Thanks. That fits my general idea of FreeBSD. I've mostly wondered about how they technically compare though. Facebook seems to think Linux is generally faster for example[1]. I'd love to follow this more closely but I haven't found a LWN equivalent for the BSDs.

[1] https://lwn.net/Articles/608954/

cperciva · on Sept 4, 2014

I think the best answer there is "it depends". Facebook has an open job posting which states that "Our goal over the next few years is for the Linux kernel network stack to rival or exceed that of FreeBSD" [1], so clearly there's at least one place in Facebook where Linux does not provide the best performance...

[1] https://www.facebook.com/careers/department?req=a0IA000000Cz...

jfindley · on Sept 4, 2014

I wonder when that was posted. Linux networking has improved massively since the 2.6 days, and continues to get better.

It's still not FreeBSD, but the difference is pretty small these days.

cperciva · on Sept 5, 2014

Within the past couple of months, I believe. Speculation at the time was that this was fallout from Facebook devops trying to port Whatsapp to run on Facebook's systems.

tiffanyh · on Sept 4, 2014

Thanks!

smegel · on Sept 4, 2014

When I allocate the key on the heap, the memset is carried (heavily optimized and inlined). When I allocate key on the stack, it disappears. Using gcc -03:

    #include <string.h>

    void doSecure(void)  
    {  
        /*char key[32];*/  
        char *key = (char*) malloc(sizeof(char)*32);

        memset(key,sizeof(char),32);  
    }

    int main(void)  
    {  
        doSecure();

        return 0;  
    }

    -- key on stack

    main:  
    .LFB13:  
        .cfi_startproc  
        xorl	%eax, %eax  
        ret  
        .cfi_endproc

    -- key on heap

    main:  
    .LFB13:  
        .cfi_startproc  
        subq	$8, %rsp  
        .cfi_def_cfa_offset 16  
        movl	$32, %edi  
        call	malloc  
        movabsq	$72340172838076673, %rdx  
        movq	%rdx, (%rax)  
        movq	%rdx, 8(%rax)  
        movq	%rdx, 16(%rax)  
        movq	%rdx, 24(%rax)  
        xorl	%eax, %eax  
        addq	$8, %rsp  
        .cfi_def_cfa_offset 8  
        ret  
        .cfi_endproc

rwg · on Sept 4, 2014

That's not a behavior you can count on — clang 3.4 will optimize doSecure() down to "ret" and main() down to "xorl %eax, %eax" + "ret" in both cases, for example. Also, gcc not optimizing out the malloc + memset in the heap case seems like a missed optimization that the gcc devs might fix in the future.

pjmlp · on Sept 5, 2014

That is compiler specific behaviour.

You have zero guarantees it will work in another compiler or even between releases of the same one.

Never take a compiler behaviour for the standard.
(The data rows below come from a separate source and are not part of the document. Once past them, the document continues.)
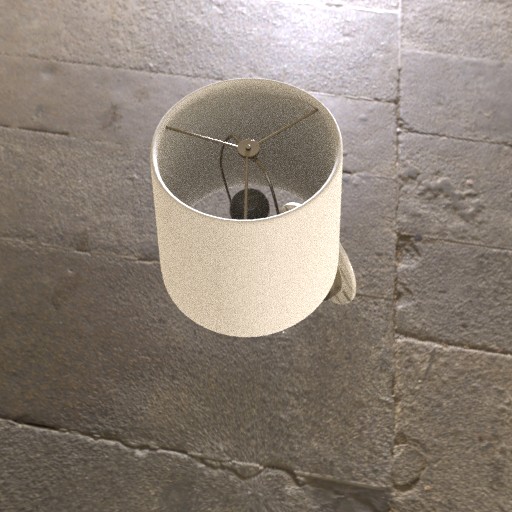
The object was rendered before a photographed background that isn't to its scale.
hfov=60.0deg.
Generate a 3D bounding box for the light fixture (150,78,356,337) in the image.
[{"bbox_3d":[0.000,0.000,0.446,0.188,0.337,0.168,-32,67,-16],"label":"light fixture"}]
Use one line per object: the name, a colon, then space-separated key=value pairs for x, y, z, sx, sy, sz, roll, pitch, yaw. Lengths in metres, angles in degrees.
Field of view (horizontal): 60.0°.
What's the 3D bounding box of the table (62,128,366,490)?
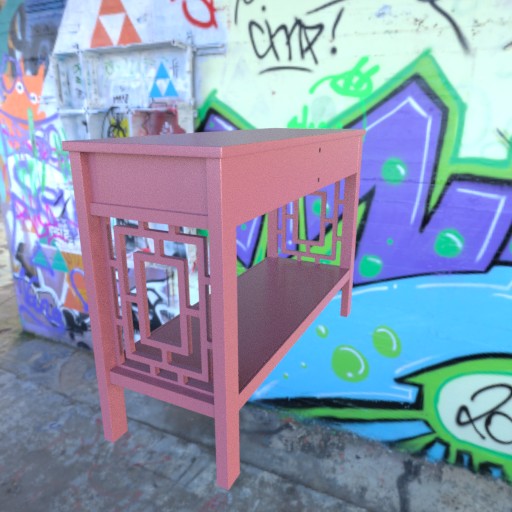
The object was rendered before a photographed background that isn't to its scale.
table: x=0.000 y=0.000 z=1.411 sx=0.397 sy=0.753 sz=1.068 roll=9 pitch=20 yaw=25
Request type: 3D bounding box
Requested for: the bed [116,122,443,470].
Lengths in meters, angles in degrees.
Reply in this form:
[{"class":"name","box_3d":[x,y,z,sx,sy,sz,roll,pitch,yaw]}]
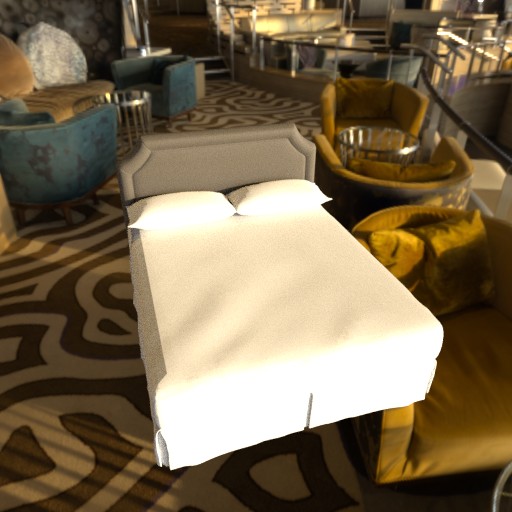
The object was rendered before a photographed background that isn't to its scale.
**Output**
[{"class":"bed","box_3d":[0.000,0.000,3.847,2.194,1.561,2.536,-9,33,-15]}]
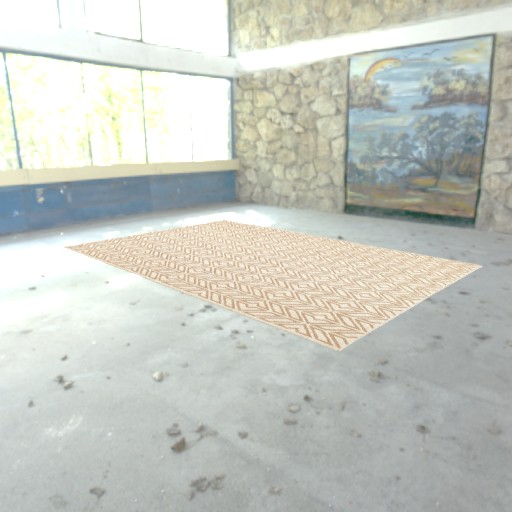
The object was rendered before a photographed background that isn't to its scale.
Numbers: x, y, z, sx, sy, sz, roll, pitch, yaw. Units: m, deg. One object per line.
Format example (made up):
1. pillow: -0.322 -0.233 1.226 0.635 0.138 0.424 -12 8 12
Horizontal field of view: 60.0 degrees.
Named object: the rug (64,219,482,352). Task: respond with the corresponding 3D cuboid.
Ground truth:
1. rug: 0.000 0.000 2.305 1.828 0.007 1.220 14 20 42

That's the beauty of standards.

wolf550e · on Sept 5, 2014

    memset(key,sizeof(char),32);

Note that you are not clearing 32 bytes with NUL (byte value 0). You are clearing 32 bytes with byte value 1 == (int)(sizeof(char).
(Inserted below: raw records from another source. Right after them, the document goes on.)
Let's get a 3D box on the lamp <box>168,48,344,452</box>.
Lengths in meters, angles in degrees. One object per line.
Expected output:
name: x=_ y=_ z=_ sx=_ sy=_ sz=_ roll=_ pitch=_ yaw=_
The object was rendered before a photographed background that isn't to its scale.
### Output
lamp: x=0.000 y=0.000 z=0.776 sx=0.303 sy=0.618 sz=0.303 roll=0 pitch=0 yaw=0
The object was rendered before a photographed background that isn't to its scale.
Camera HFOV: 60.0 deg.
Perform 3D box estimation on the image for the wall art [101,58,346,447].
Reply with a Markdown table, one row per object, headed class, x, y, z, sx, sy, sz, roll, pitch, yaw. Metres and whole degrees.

That's why memset that works 8 bytes at a time fills memory with 72340172838076673 == 0x0101010101010101

http://linux.die.net/man/3/memset

tedunangst · on Sept 4, 2014

A more realistic idiom is memset followed by free. The free provides a solid hint to the compiler that the object is dead without relying on escape analysis.

smegel · on Sept 5, 2014

Naturally, however adding free made no difference in this case. I guess if your dealing with a raw pointer rather than an array type, gcc cant be sure what memory you intend to erase.

angersock · on Sept 4, 2014

This sort of thing would be exactly what should go into the "Friendly C" dialect being chatted about the other day--for things like zeroing memory, it's very unexpected that a compiler would be like "nah, not feeling it...nobody will notice anyways".

ars · on Sept 4, 2014

No, you are looking at it backward. The compiler tries to optimize the program so that it will run fast.

If you force it to execute this code it only benefits the very rare security program, yet every single program will run slower.

That's a bad tradeoff. Better to make the security program jump through hoops and let everyone else run fast.

CJefferson · on Sept 4, 2014

If your compiler wrote every variable into memory, every time you changed it, your code would run at least 3 times slower. Compilers generally do not worry about making sure the value of unallocated blocks of memory are what you expect, as there is no way to observe them within your program.